# Farm Master Pasteurizer



## casedata (May 9, 2013)

Hello all, I'm new to Homesteading and had questions about the Farm Master Pasteurizer. I just obtained one, tested it with water, and seems to work fine. Does anyone have a manual or a copy of one? Also, for those who do pasteurize, will this pasteurizer be ok for home pasteurization? Has anyone had issues with it?

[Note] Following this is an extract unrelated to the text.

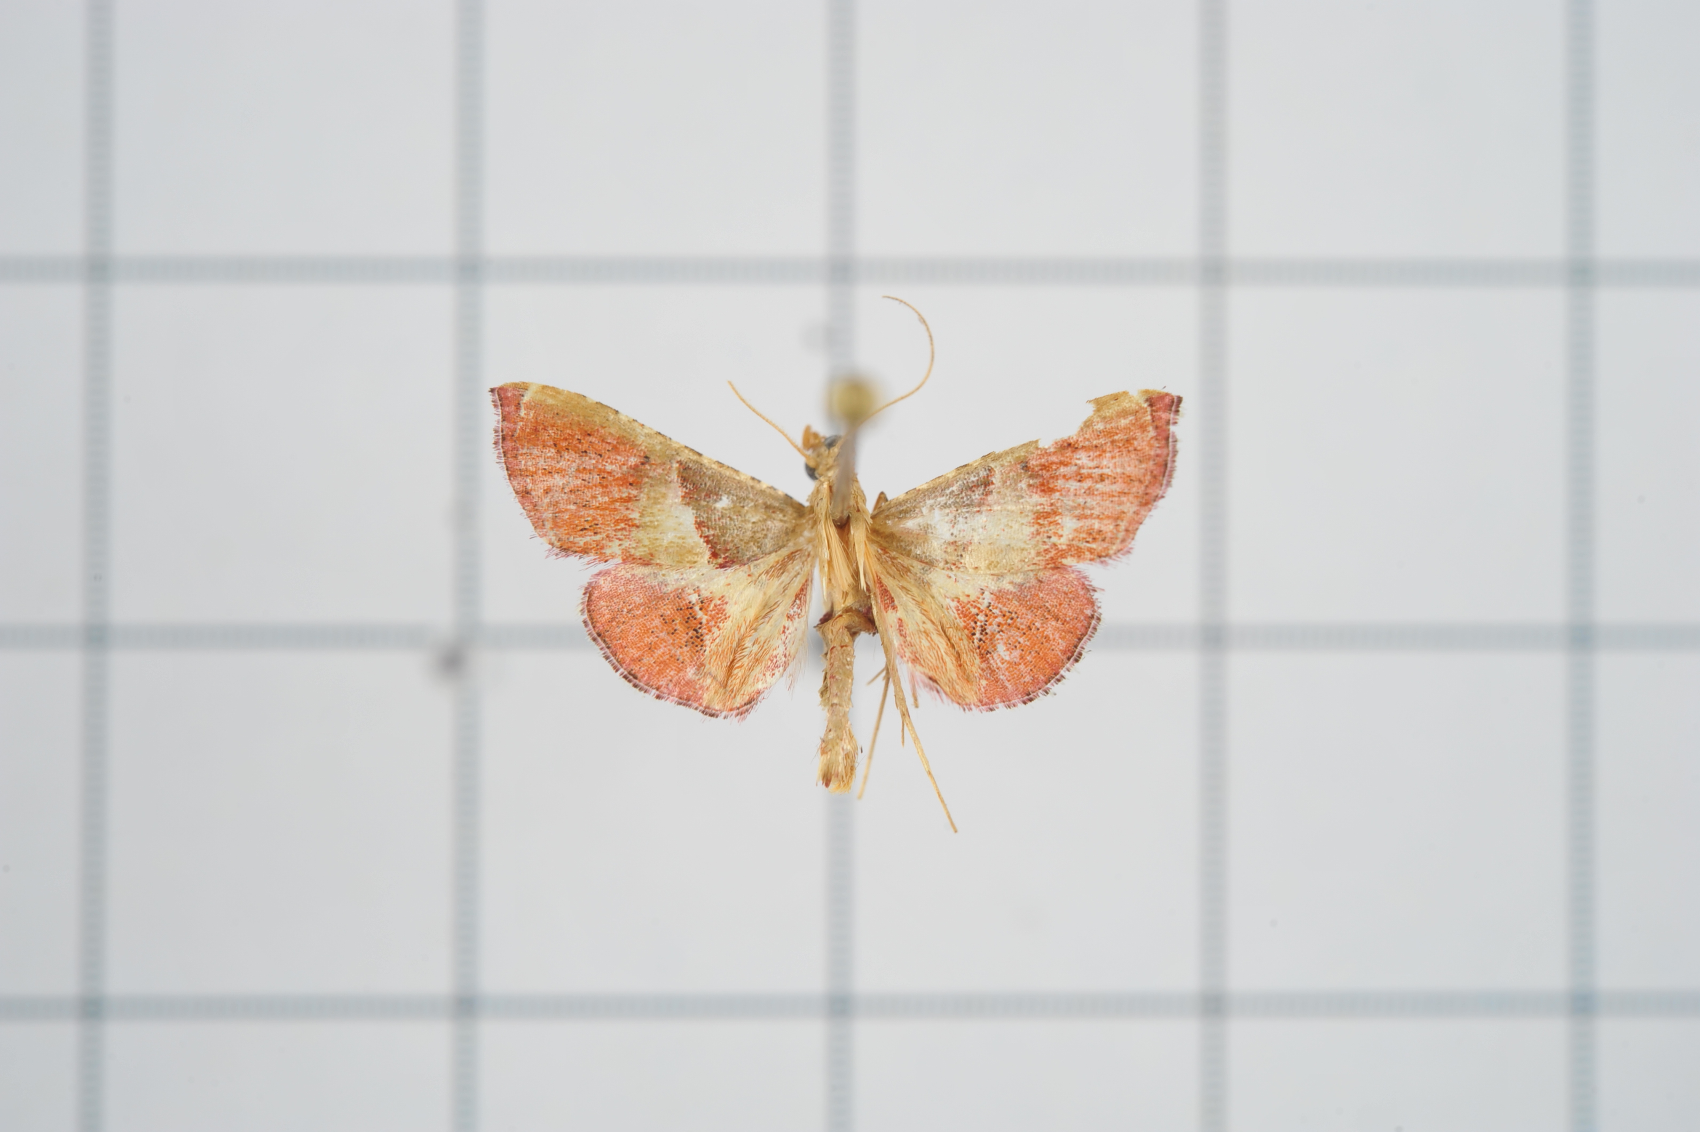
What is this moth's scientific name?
Endotricha consocia
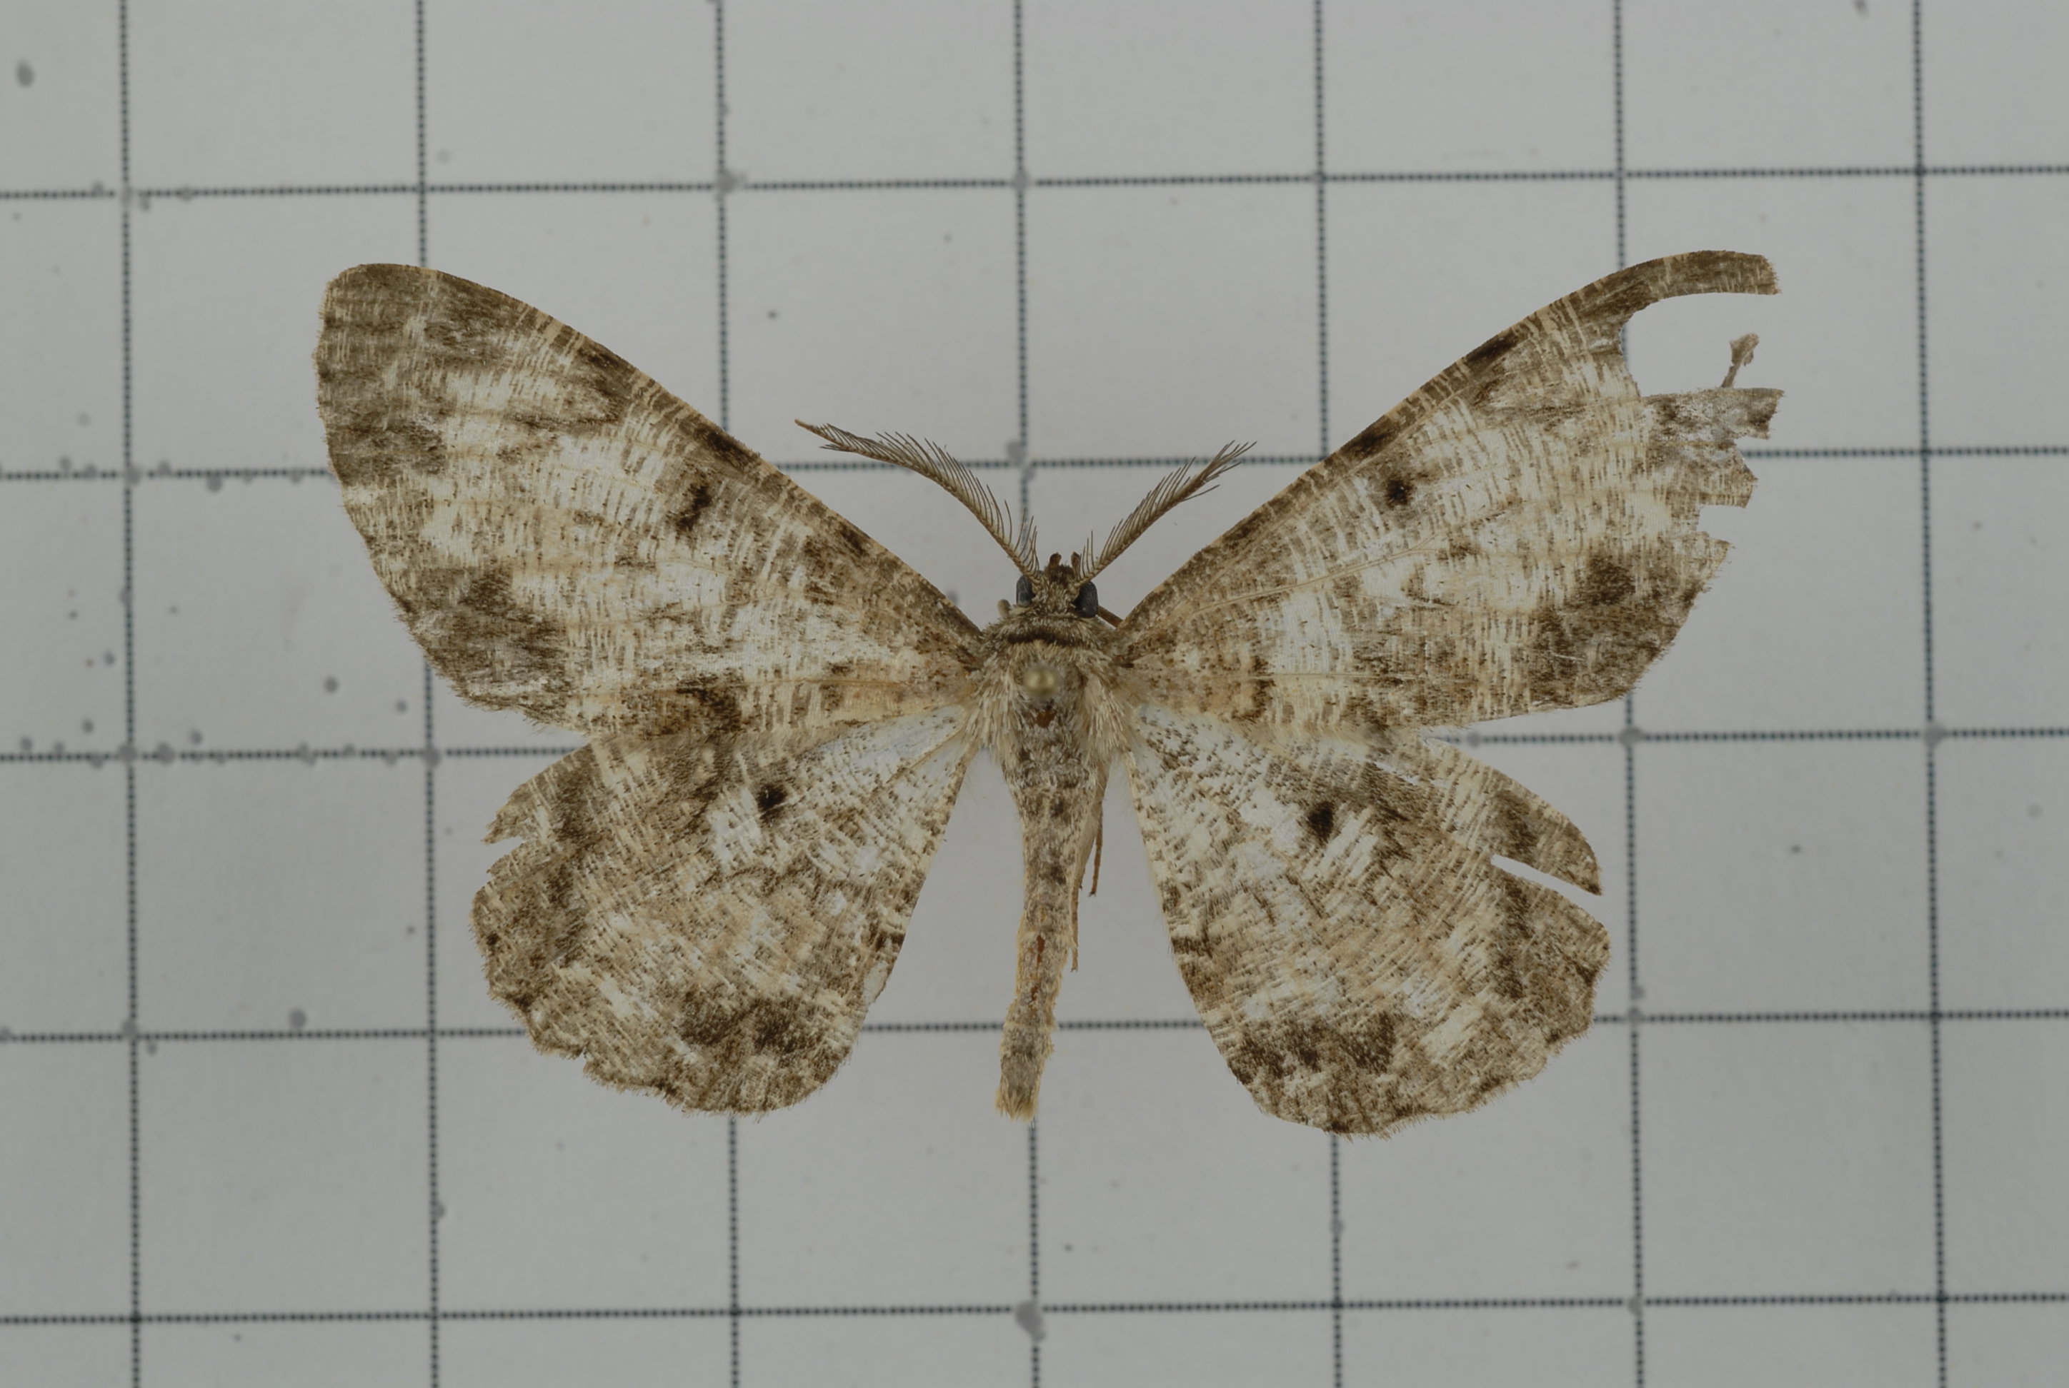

Thanks for any help or advice you can give me.


----------



## opalcab (May 16, 2011)

do a web search for it


----------



## farmerpat (Jan 1, 2008)

I have. Really old one. Worked great till it got a small short in it & I got a shock everytime I used it. I have a friend who's an electrician, & am gonna try to barter some homemade cinnamon rolls for hi taking a look at it. I really like it a lot.


----------



## casedata (May 9, 2013)

farmerpat said:


> I have. Really old one. Worked great till it got a small short in it & I got a shock everytime I used it. I have a friend who's an electrician, & am gonna try to barter some homemade cinnamon rolls for hi taking a look at it. I really like it a lot.


I finally got some milk to use and the pasteurizer worked great. I can see that the electric cord is wearing thin where it inserts into the unit and the plug is really an antique. My hubby is going to replace the cord with a new one so I don't have any issues using the unit. That may de-value it but this is a working unit for me rather than a keepsake. I'd like some of those rolls as well.


----------